Problem requirements> Every entry in the data below needs to be repeated exactly.

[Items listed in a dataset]
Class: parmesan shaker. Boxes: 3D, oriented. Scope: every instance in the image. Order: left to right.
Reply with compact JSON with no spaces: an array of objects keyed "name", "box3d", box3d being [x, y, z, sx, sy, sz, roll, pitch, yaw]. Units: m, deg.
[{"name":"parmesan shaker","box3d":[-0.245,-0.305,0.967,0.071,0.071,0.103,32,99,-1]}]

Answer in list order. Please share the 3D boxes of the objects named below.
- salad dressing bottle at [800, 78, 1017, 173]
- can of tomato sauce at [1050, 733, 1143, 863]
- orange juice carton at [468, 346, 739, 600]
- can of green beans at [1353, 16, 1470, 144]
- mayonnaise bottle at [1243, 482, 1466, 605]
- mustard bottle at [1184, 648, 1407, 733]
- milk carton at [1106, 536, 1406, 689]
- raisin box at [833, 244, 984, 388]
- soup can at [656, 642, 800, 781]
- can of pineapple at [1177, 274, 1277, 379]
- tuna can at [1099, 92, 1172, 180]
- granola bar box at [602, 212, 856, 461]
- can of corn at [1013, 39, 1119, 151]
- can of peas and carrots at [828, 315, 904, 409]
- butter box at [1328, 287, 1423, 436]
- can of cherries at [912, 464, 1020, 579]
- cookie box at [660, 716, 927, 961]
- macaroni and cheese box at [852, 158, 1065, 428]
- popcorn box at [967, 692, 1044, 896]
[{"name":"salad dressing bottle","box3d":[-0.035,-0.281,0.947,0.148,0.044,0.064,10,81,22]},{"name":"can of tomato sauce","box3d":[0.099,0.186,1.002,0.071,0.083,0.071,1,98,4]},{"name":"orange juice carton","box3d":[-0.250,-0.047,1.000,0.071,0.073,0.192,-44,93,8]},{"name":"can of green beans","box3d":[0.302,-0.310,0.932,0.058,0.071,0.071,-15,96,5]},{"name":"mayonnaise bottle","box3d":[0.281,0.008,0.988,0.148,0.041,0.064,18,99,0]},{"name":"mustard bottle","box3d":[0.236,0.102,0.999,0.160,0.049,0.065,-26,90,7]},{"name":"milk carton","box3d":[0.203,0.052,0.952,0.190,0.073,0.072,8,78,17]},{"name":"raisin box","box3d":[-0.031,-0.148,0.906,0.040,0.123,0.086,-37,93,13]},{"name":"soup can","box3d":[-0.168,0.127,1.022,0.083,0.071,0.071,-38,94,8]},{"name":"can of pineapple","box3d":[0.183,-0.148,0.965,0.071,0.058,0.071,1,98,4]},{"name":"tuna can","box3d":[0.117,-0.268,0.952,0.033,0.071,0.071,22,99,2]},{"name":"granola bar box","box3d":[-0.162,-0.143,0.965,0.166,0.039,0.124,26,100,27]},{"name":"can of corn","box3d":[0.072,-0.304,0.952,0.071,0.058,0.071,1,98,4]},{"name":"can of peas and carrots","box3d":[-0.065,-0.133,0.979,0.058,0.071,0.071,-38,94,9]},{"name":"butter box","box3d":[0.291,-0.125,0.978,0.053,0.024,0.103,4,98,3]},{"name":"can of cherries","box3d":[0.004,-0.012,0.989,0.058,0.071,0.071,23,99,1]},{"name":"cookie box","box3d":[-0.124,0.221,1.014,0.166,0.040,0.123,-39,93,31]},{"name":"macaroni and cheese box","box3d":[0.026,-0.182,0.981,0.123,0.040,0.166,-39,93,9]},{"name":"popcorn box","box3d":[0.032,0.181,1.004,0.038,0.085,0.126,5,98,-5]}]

Exercise output>
Class: parmesan shaker. Boxes: 3D, oriented. Scope: every instance in the image. Order: left to right.
Reply with compact JSON with no spaces: an array of objects keyed "name", "box3d", box3d being [x, y, z, sx, sy, sz, roll, pitch, yaw]. Units: m, deg.
[{"name":"parmesan shaker","box3d":[-0.245,-0.305,0.967,0.071,0.071,0.103,32,99,-1]}]

Answer in list order. Please share the 3D boxes of the objects named below.
- salad dressing bottle at [800, 78, 1017, 173]
- can of tomato sauce at [1050, 733, 1143, 863]
- orange juice carton at [468, 346, 739, 600]
- can of green beans at [1353, 16, 1470, 144]
- mayonnaise bottle at [1243, 482, 1466, 605]
- mustard bottle at [1184, 648, 1407, 733]
- milk carton at [1106, 536, 1406, 689]
- raisin box at [833, 244, 984, 388]
- soup can at [656, 642, 800, 781]
- can of pineapple at [1177, 274, 1277, 379]
- tuna can at [1099, 92, 1172, 180]
- granola bar box at [602, 212, 856, 461]
- can of corn at [1013, 39, 1119, 151]
- can of peas and carrots at [828, 315, 904, 409]
- butter box at [1328, 287, 1423, 436]
- can of cherries at [912, 464, 1020, 579]
- cookie box at [660, 716, 927, 961]
- macaroni and cheese box at [852, 158, 1065, 428]
- popcorn box at [967, 692, 1044, 896]
[{"name":"salad dressing bottle","box3d":[-0.035,-0.281,0.947,0.148,0.044,0.064,10,81,22]},{"name":"can of tomato sauce","box3d":[0.099,0.186,1.002,0.071,0.083,0.071,1,98,4]},{"name":"orange juice carton","box3d":[-0.250,-0.047,1.000,0.071,0.073,0.192,-44,93,8]},{"name":"can of green beans","box3d":[0.302,-0.310,0.932,0.058,0.071,0.071,-15,96,5]},{"name":"mayonnaise bottle","box3d":[0.281,0.008,0.988,0.148,0.041,0.064,18,99,0]},{"name":"mustard bottle","box3d":[0.236,0.102,0.999,0.160,0.049,0.065,-26,90,7]},{"name":"milk carton","box3d":[0.203,0.052,0.952,0.190,0.073,0.072,8,78,17]},{"name":"raisin box","box3d":[-0.031,-0.148,0.906,0.040,0.123,0.086,-37,93,13]},{"name":"soup can","box3d":[-0.168,0.127,1.022,0.083,0.071,0.071,-38,94,8]},{"name":"can of pineapple","box3d":[0.183,-0.148,0.965,0.071,0.058,0.071,1,98,4]},{"name":"tuna can","box3d":[0.117,-0.268,0.952,0.033,0.071,0.071,22,99,2]},{"name":"granola bar box","box3d":[-0.162,-0.143,0.965,0.166,0.039,0.124,26,100,27]},{"name":"can of corn","box3d":[0.072,-0.304,0.952,0.071,0.058,0.071,1,98,4]},{"name":"can of peas and carrots","box3d":[-0.065,-0.133,0.979,0.058,0.071,0.071,-38,94,9]},{"name":"butter box","box3d":[0.291,-0.125,0.978,0.053,0.024,0.103,4,98,3]},{"name":"can of cherries","box3d":[0.004,-0.012,0.989,0.058,0.071,0.071,23,99,1]},{"name":"cookie box","box3d":[-0.124,0.221,1.014,0.166,0.040,0.123,-39,93,31]},{"name":"macaroni and cheese box","box3d":[0.026,-0.182,0.981,0.123,0.040,0.166,-39,93,9]},{"name":"popcorn box","box3d":[0.032,0.181,1.004,0.038,0.085,0.126,5,98,-5]}]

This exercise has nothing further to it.